Finding a formula is not right intuitive, but it can be achieved by considering the two values as points A and B on a line. There will be a medium point M equally distant from A and B. If you subtract half of the distance AB from M, then you get the lower value. This is what my solution does –
int m4( int x, int y) { int mid = (x+y)/2; int delta = std::abs( x-y)/2; return mid-delta; // or (x+y-std::abs(x-y))/2 to avoid a division }
Nicola found another way to put it –
def get_min_without_less_operator(x, y): scaled_solution = (abs(x-y) - (x - y)) * x + (abs(y-x) - (y - x)) * y scale_factor = 2 * abs(x - y) return scaled_solution / scale_factor
As put by Nicola This relies on the fact that [abs(x-y) – (x – y)] = 0 if x > y, else it is equal to 2 * abs(x-y). The solution works ONLY if x is different from y (otherwise there is a division by 0).

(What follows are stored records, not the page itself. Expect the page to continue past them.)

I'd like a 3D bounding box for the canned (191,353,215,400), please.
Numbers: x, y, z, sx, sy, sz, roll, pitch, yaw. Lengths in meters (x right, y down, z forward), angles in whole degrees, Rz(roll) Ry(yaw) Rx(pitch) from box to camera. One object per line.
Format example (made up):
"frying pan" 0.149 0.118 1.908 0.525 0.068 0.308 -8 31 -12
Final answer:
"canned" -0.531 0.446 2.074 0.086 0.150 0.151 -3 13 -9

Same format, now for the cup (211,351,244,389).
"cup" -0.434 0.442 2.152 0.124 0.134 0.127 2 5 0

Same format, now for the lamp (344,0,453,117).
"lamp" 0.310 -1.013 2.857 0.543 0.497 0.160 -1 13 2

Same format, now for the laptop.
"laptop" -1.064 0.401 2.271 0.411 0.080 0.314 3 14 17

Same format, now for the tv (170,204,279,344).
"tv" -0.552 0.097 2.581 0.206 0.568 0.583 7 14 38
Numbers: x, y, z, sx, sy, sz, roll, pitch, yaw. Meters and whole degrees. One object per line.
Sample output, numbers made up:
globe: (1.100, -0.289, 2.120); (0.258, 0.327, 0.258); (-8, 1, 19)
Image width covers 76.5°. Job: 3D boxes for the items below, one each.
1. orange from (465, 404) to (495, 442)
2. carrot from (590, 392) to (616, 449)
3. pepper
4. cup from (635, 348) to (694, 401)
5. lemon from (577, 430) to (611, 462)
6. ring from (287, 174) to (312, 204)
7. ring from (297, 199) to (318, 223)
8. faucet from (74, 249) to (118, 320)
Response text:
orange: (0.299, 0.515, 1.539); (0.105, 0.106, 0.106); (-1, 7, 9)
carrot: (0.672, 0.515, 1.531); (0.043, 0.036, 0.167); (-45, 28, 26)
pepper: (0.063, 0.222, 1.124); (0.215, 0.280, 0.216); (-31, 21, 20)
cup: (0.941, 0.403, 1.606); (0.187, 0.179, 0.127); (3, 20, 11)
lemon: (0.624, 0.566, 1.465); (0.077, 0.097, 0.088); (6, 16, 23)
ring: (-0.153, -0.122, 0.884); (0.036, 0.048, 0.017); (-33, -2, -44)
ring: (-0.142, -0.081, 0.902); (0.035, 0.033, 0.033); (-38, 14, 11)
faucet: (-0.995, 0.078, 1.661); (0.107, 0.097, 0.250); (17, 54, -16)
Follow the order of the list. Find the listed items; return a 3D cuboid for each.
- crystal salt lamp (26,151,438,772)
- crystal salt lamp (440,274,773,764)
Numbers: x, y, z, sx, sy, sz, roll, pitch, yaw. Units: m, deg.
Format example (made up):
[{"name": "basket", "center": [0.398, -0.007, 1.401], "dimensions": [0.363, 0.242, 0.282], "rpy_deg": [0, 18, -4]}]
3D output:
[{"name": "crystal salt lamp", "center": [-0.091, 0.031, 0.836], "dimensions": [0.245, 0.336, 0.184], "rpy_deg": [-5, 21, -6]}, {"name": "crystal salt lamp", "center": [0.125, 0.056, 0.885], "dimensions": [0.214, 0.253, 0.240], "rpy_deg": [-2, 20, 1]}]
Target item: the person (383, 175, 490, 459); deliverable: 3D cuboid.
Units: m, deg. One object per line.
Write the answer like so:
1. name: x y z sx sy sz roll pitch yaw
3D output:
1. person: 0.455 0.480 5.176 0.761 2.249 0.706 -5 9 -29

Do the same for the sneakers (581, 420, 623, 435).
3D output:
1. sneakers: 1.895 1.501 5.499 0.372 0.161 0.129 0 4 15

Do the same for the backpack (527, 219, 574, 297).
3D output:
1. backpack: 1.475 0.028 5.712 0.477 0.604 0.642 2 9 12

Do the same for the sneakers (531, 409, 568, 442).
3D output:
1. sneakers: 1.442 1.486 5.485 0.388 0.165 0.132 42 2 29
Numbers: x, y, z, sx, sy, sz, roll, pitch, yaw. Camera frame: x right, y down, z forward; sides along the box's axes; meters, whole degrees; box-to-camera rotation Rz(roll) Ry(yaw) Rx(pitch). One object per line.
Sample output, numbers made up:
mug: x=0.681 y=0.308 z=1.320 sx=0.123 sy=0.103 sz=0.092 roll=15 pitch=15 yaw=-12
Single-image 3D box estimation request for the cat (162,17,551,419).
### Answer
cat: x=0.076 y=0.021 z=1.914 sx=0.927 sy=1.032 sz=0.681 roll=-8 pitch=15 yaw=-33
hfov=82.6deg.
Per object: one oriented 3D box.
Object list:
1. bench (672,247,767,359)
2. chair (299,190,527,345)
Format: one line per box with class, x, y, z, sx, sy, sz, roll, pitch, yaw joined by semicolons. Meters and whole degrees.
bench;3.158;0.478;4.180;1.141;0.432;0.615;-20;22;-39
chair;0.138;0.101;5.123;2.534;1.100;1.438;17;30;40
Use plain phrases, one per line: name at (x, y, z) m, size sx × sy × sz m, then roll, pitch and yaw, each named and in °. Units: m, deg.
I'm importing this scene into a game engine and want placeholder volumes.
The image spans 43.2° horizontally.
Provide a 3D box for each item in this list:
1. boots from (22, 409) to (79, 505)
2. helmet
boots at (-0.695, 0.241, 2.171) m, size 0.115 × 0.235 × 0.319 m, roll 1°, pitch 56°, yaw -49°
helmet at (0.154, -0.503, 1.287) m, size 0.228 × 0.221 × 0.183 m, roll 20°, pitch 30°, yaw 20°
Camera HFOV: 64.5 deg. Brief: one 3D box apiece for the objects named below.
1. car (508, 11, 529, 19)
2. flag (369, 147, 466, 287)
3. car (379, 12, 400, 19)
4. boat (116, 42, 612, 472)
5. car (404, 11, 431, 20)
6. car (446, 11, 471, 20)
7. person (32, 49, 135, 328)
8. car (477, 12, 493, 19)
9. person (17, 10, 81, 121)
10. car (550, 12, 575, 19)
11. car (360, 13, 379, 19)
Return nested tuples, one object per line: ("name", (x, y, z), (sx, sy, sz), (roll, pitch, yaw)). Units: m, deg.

The arithmetic solution is once again from Domenico, go down from x and y to zero and count the iterations:
unsigned int solution_while(unsigned int x, unsigned int y) { unsigned int count = 0; while(x > 0 && y > 0) { x--; y--; count++; } return count; }
This solution applies only to positive integers.
The last mathematical solution is another code snippet by Nicola:
def in_luck_we_trust_tribute(x, y): """Inspired by your previous solutions, here is a solution that gives you 50% chance of a correct answer :D""" return random.sample([x, y], 1)[0]
Notably, this code sometimes yields the right solution, sometimes doesn’t… if you trust in luck (and RNG) then this is for you 🙂
Using Information Theory
Although most programmers are familiar with the concept of Turing’s Machine, much less of them ever got in touch with Alonzo Church‘s work.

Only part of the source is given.